At the time, Vancouver Mayor Gregor Robertson (pictured above) acknowledged the loss and said “there is no Plan B” and the “sales tax is off the table, voters have stated that clearly.”

Fast-forward three years, and it seems a Plan B has been approved. Motorists in Vancouver will see the gasoline tax increase by 1.5 cents per litre by next spring (from 17 cents per liter to 18.5 cents per litre) to raise between $30 million and $33 million per year to contribute toward the TransLink Phase Two investment plan. Other funding sources include a two per cent transit fare hike, a three per cent parking tax increase (hitting motorists again), a property tax hike of $5.50 per average household, and a development cost charge of $300 to $600 per unit on new developments.

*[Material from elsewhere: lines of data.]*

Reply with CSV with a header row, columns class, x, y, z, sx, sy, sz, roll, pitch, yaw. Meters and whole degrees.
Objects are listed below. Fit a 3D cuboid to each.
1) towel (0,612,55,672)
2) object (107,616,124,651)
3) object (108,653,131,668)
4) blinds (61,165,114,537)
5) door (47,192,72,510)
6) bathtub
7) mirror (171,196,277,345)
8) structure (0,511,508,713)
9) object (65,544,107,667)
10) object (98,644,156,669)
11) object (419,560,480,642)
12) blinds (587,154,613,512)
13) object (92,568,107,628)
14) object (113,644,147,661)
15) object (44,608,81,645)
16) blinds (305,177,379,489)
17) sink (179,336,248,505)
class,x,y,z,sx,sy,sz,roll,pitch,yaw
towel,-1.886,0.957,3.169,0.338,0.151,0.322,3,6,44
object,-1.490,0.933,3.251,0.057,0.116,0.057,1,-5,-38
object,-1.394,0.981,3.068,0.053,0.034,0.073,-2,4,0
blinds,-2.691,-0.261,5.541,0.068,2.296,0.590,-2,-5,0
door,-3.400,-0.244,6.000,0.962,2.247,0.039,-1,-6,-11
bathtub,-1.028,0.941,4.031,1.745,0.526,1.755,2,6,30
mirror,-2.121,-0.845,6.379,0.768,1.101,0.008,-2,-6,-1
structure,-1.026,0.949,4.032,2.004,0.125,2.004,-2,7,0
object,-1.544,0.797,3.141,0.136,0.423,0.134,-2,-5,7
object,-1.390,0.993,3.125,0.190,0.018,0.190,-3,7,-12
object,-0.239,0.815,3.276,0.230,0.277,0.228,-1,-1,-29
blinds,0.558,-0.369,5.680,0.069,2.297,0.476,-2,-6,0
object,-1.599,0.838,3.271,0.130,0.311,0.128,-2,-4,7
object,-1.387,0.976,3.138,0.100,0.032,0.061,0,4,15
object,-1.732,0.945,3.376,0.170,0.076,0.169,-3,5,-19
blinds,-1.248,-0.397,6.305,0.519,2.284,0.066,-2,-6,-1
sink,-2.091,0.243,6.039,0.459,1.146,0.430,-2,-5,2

But as Fraser Institute researchers Charles Lammam and Hugh MacIntyre observed, there are ample opportunities to fund the TransLink investment plan by tightening the belt on loose government spending:

Beginning in 2003, had Metro Vancouver municipalities increased their collective operating spending in step with inflation and population growth, together they would have spent $4.7 billion less on their operating budgets over the decade (in 2013 dollars) than was actually the case. More telling, they would have spent $778 million less in 2013 alone, which is more than three times the $250 million that the Mayors’ Council wants to collect by raising the provincial sales tax.

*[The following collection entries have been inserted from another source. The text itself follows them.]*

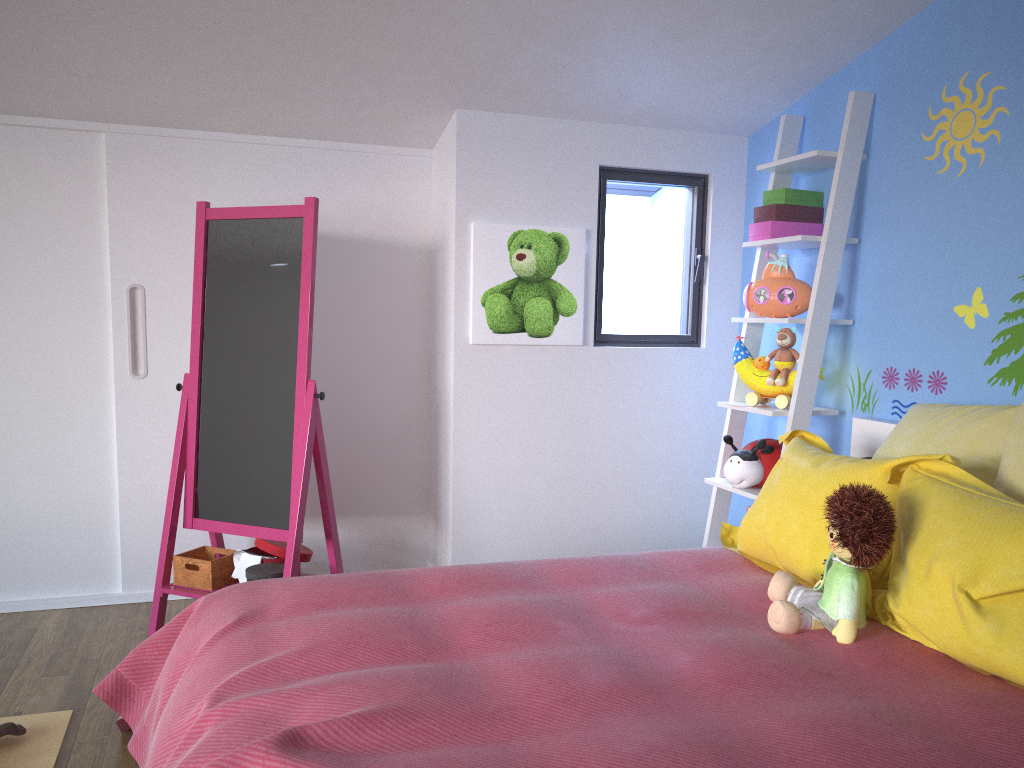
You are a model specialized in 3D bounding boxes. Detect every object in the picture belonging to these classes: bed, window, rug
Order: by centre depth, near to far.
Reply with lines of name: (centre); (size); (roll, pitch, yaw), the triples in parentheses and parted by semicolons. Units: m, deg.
rug: (-1.434, 0.992, 1.228); (1.200, 0.006, 2.188); (0, 5, -19)
bed: (0.301, 0.579, 1.851); (2.316, 0.816, 1.916); (0, 5, -19)
window: (0.531, -0.519, 3.579); (0.585, 0.752, 0.207); (-1, 7, -19)

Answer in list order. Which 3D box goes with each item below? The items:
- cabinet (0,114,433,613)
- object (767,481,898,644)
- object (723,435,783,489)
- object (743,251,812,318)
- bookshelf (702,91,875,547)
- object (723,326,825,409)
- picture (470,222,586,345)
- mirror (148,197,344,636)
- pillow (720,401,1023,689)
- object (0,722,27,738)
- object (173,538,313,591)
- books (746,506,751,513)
cabinet: (-2.338, -0.045, 2.974); (4.231, 1.776, 0.052); (0, 7, -19)
object: (0.686, 0.375, 1.901); (0.251, 0.344, 0.284); (3, 6, 16)
object: (0.881, 0.271, 3.135); (0.322, 0.184, 0.252); (0, 5, -12)
object: (0.951, -0.344, 3.061); (0.294, 0.235, 0.157); (6, 8, 41)
bookshelf: (0.919, -0.031, 3.104); (0.380, 1.864, 0.388); (-1, 8, -19)
object: (0.888, -0.060, 3.061); (0.371, 0.283, 0.153); (6, 8, 43)
picture: (0.062, -0.369, 3.329); (0.450, 0.446, 0.026); (-1, 8, -19)
mirror: (-0.901, 0.125, 3.027); (0.610, 1.499, 0.414); (4, 8, 22)
pillow: (1.044, 0.273, 2.079); (0.679, 0.535, 1.337); (-1, 5, -17)
object: (-1.379, 0.850, 2.121); (0.604, 0.112, 0.397); (4, 5, 30)
object: (-0.897, 0.616, 3.119); (0.444, 0.160, 0.366); (4, 5, 27)
books: (0.878, 0.535, 3.047); (0.197, 0.250, 0.079); (-1, 7, -19)

So to recap, three years ago Metro Vancouver voters solidly rejected an increase in sales taxes to contribute to the Phase Two investment plan put forward by the Mayor’s Council. How does the Mayor’s Council respect that judgment? By piling taxes on housing, gasoline and parking. And hiking transit fares. Clearly, when it comes to voter rejection of funding TransLink’s expansion with new and higher taxes, the Mayor’s Council refused to take “No” for an answer.